During the 1980s Topper became one of the most important sportswear brands in Argentina, signing deals with clubs such as Independiente, Ferro Carril Oeste and Estudiantes de La Plata. Most of those teams won several championships (not only in football but in basketball) during that era.

In recent years, Topper supplied garments for the basketball and volleyball national teams. The company also signed new contracts with former teams Independiente and Estudiantes and made new agreements with football teams Racing and Newell's Old Boys and rugby union clubs San Isidro and Hindú.

The brand was also the official supplier for the Argentina national rugby union team (known as Los Pumas) from 2000 to 2003.

In 2007 Alpargatas Argentina was sold to São Paulo Alpargatas (owner of Topper in Brazil), then a Camargo Correa group company.

In 2012 Topper brought a lawsuit against club Estudiantes de La Plata for $13 million. The brand accused Estudiantes of "breach of contract" due to the club had switched to German company Adidas in 2011, while the deal with Topper was still active. Adidas and Estudiantes had signed for US$3 million for 3 years. Topper alleged that there was a clause stating that Estudiantes was forced to continue being sponsored by Topper if other brands offered the same amount of money to be their uniform supplier.

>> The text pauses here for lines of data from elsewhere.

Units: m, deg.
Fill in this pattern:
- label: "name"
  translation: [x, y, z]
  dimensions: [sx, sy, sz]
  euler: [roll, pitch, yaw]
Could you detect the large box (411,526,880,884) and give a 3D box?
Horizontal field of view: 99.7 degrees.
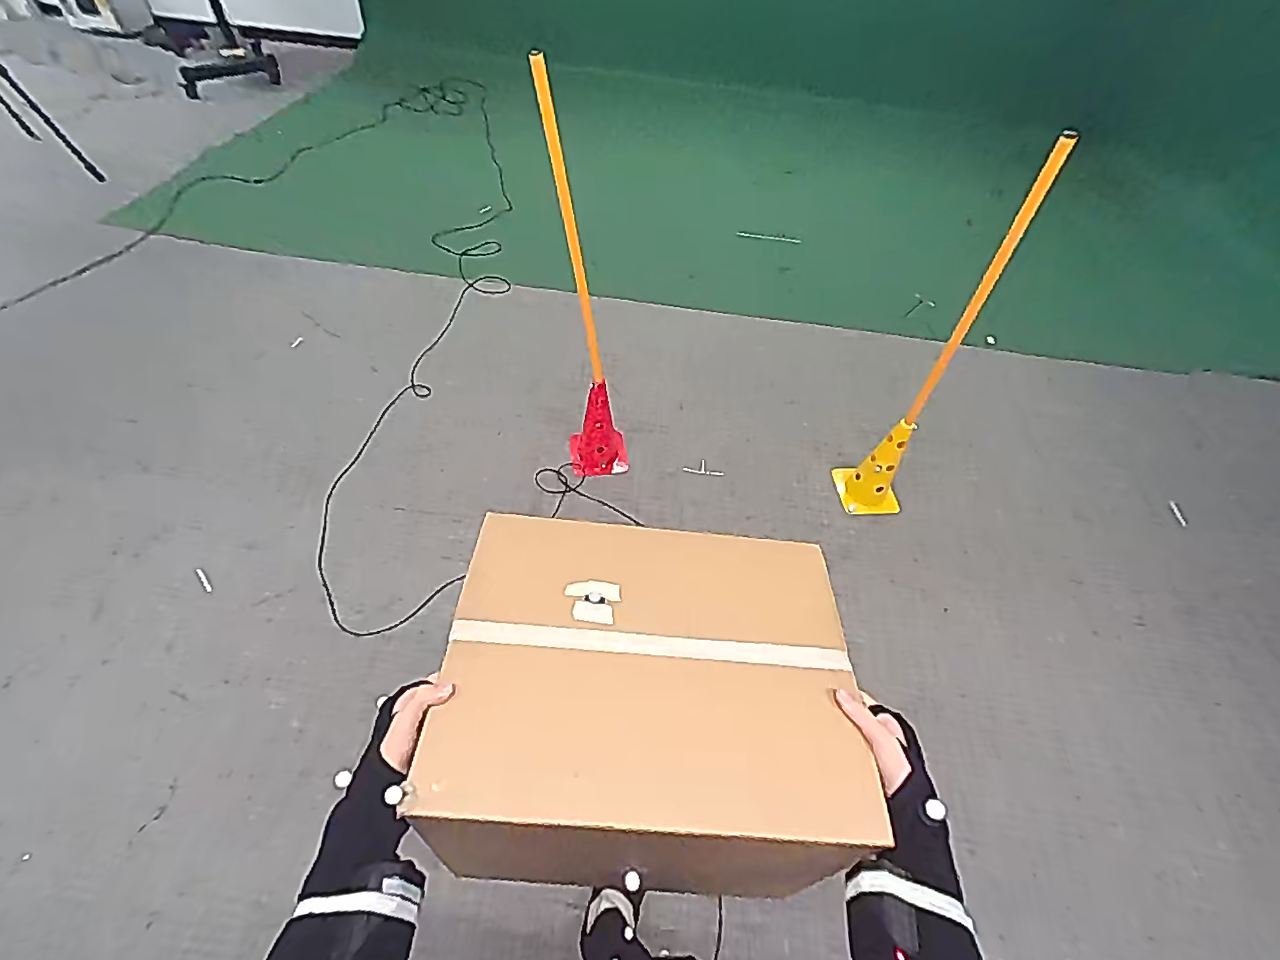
- label: "large box"
  translation: [0.001, 0.281, 0.660]
  dimensions: [0.408, 0.320, 0.320]
  euler: [5, 45, -3]

In 2018, Alpargatas Brazil sold the brand Topper to BRS Comercio e Industria de Material Esportivo SA for a total of R$40 million. BRS is a holding company composed by a group of investors led by Carlos Wizard Martins. The contract signed included the license for the use of the brand "Topper" in the US and China.

== Products ==
The following chart contains all the product lines by Topper in Argentina and Brazil.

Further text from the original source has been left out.